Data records
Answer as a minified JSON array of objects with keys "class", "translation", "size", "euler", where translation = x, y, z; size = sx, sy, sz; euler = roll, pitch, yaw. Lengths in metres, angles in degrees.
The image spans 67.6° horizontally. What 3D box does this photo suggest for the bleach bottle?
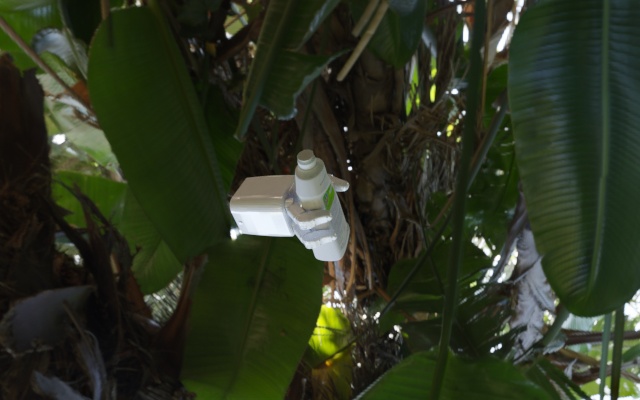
[{"class":"bleach bottle","translation":[0.000,0.003,0.890],"size":[0.068,0.102,0.251],"euler":[1,-42,15]}]
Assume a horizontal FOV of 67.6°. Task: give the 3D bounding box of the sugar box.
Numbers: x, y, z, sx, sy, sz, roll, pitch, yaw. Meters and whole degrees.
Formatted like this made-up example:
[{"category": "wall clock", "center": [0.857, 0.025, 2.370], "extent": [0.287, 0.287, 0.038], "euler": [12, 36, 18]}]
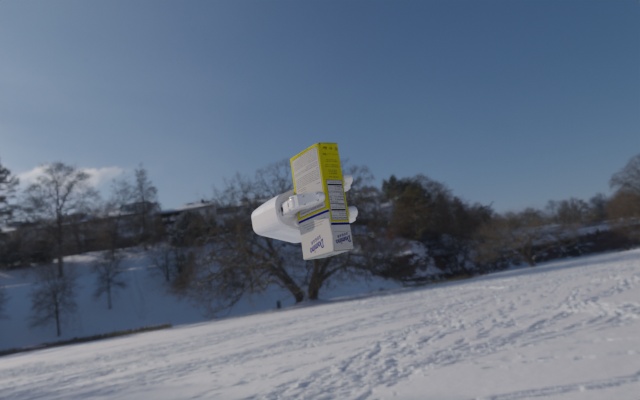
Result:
[{"category": "sugar box", "center": [0.000, 0.002, 0.777], "extent": [0.048, 0.176, 0.093], "euler": [-3, -12, -34]}]
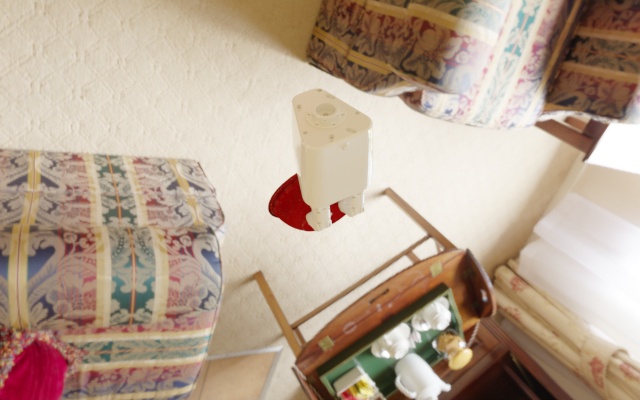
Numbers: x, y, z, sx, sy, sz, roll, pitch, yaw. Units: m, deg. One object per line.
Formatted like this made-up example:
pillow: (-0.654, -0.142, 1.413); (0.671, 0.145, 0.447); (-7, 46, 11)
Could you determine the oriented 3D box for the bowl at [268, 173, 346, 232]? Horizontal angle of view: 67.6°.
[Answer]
bowl: (0.001, 0.003, 0.762); (0.162, 0.055, 0.162); (-25, -23, -11)

- **Instructions for the task**:
Your copy should run from the line that has "Assume a horizontal" through the last line above, exactly, with both ends in and pictures out.

- **Finished task**:
Assume a horizontal FOV of 67.6°. Task: give the 3D bounding box of the sugar box.
Numbers: x, y, z, sx, sy, sz, roll, pitch, yaw. Meters and whole degrees.
Formatted like this made-up example:
[{"category": "wall clock", "center": [0.857, 0.025, 2.370], "extent": [0.287, 0.287, 0.038], "euler": [12, 36, 18]}]
Result:
[{"category": "sugar box", "center": [0.000, 0.002, 0.777], "extent": [0.048, 0.176, 0.093], "euler": [-3, -12, -34]}]
Numbers: x, y, z, sx, sy, sz, roll, pitch, yaw. Units: m, deg. One object per line.
Formatted like this made-up example:
pillow: (-0.654, -0.142, 1.413); (0.671, 0.145, 0.447); (-7, 46, 11)
Could you determine the oriented 3D box for the bowl at [268, 173, 346, 232]? Horizontal angle of view: 67.6°.
[Answer]
bowl: (0.001, 0.003, 0.762); (0.162, 0.055, 0.162); (-25, -23, -11)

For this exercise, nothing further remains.